Mężczyzna spogląda na mnie po raz ostatni, jakby doszukiwał się u mnie jakiejś reakcji, ale kiedy odwracam twarz w przeciwnym kierunku, opuszcza salę, trzaskając drzwiami tak mocno, że aż podskakuję.

A ja wybucham tak, głośnym płaczem, nie potrafiąc zrozumieć, dlaczego do cholery zrobił mi coś takiego...

Zadałem Ci tyle bólu, Blair. Nawet nie wiem jak mam cię teraz za to wszystko przepraszać.

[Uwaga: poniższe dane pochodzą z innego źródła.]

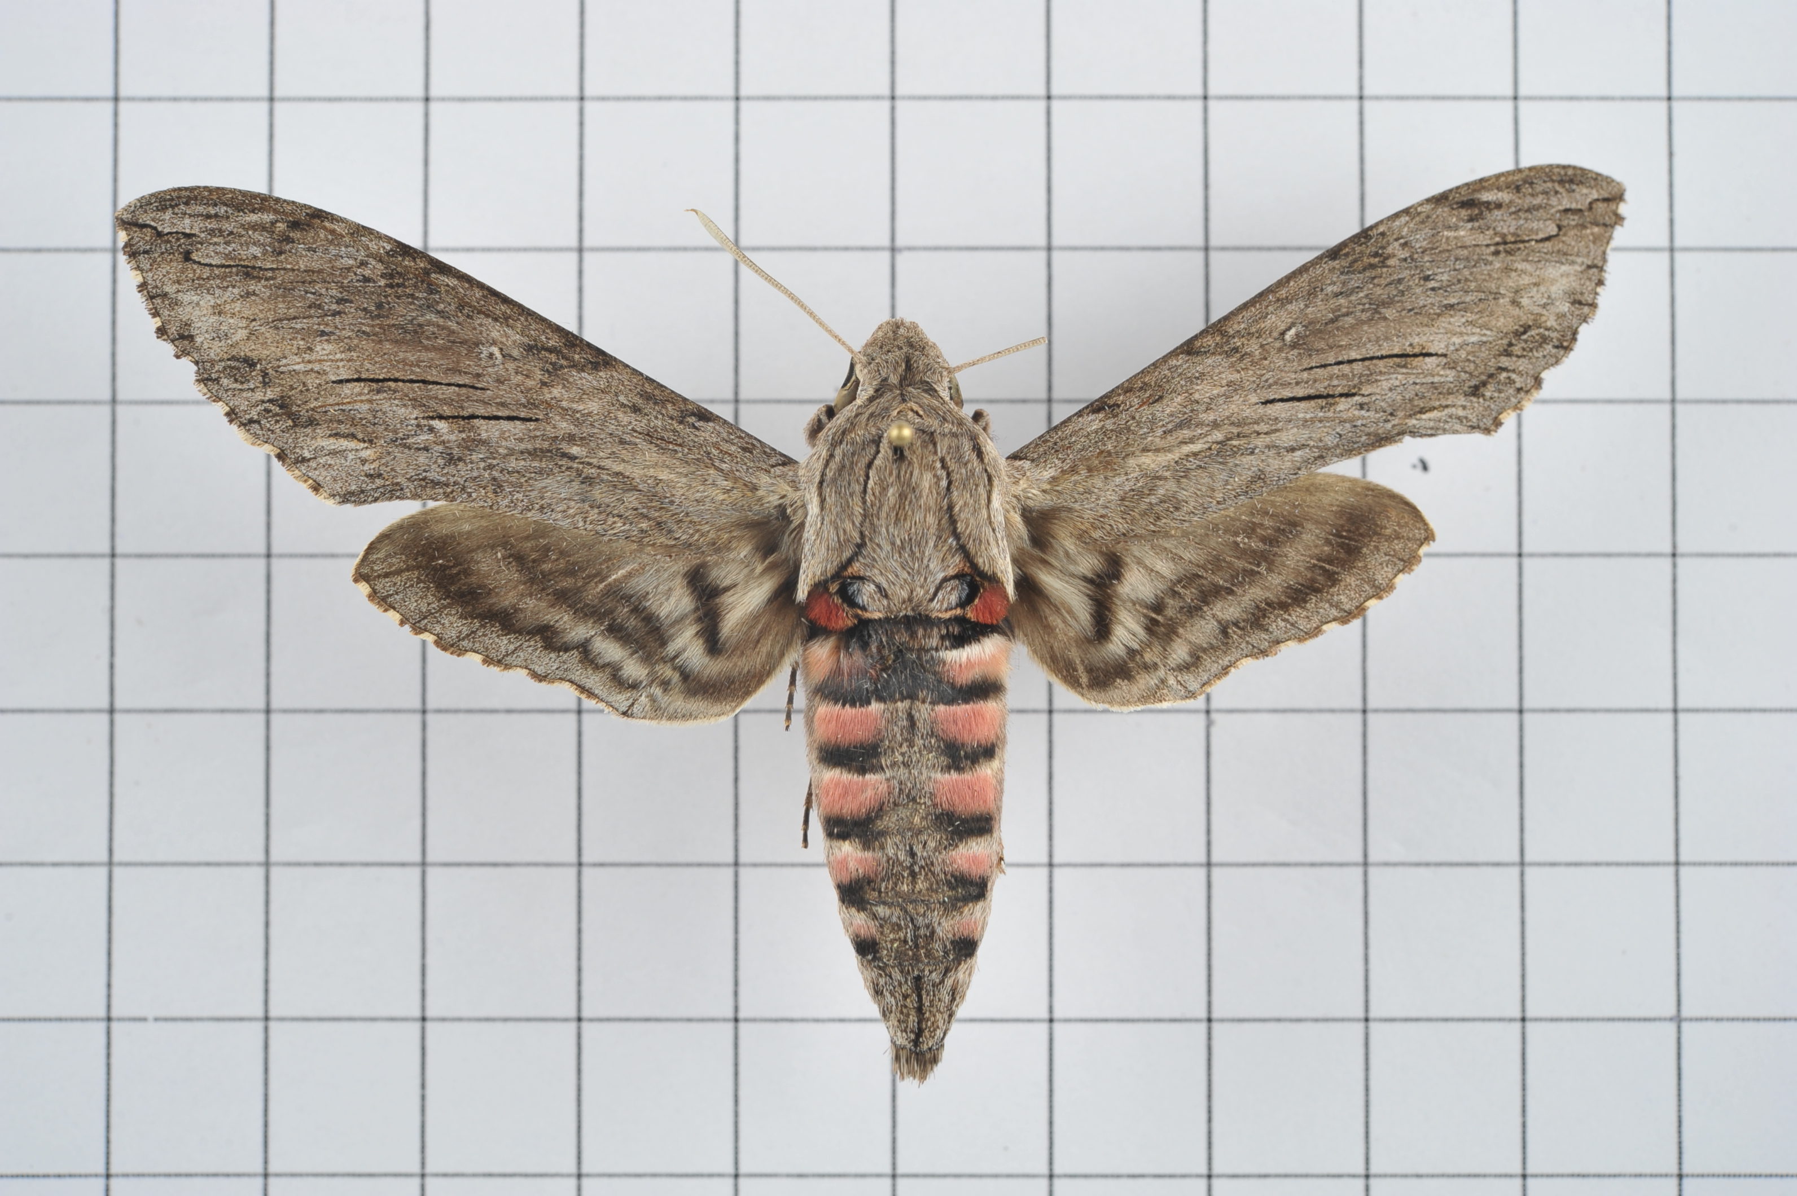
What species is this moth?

Słowo: przepraszam, jest jak plaster. To, że go użyjesz wcale nie oznacza, że rana zniknie. A ja nie wpadnę ci w ramiona, jak głupia idiotka, tylko dlatego, że wyznałeś mi całą prawdę.

Nienawidzę cię za wszystko. Za to, że dałeś mi tę cholerną nadzieję, z której i tak nic nie wyszło. Za nieprzespane noce i litry połykanych łez. Nienawidzę cię za wiele rzeczy, a przede wszystkim za to, że mimo tego jak doskonale cię znam i wciąż cię kocham, czuję się z tym żałośnie...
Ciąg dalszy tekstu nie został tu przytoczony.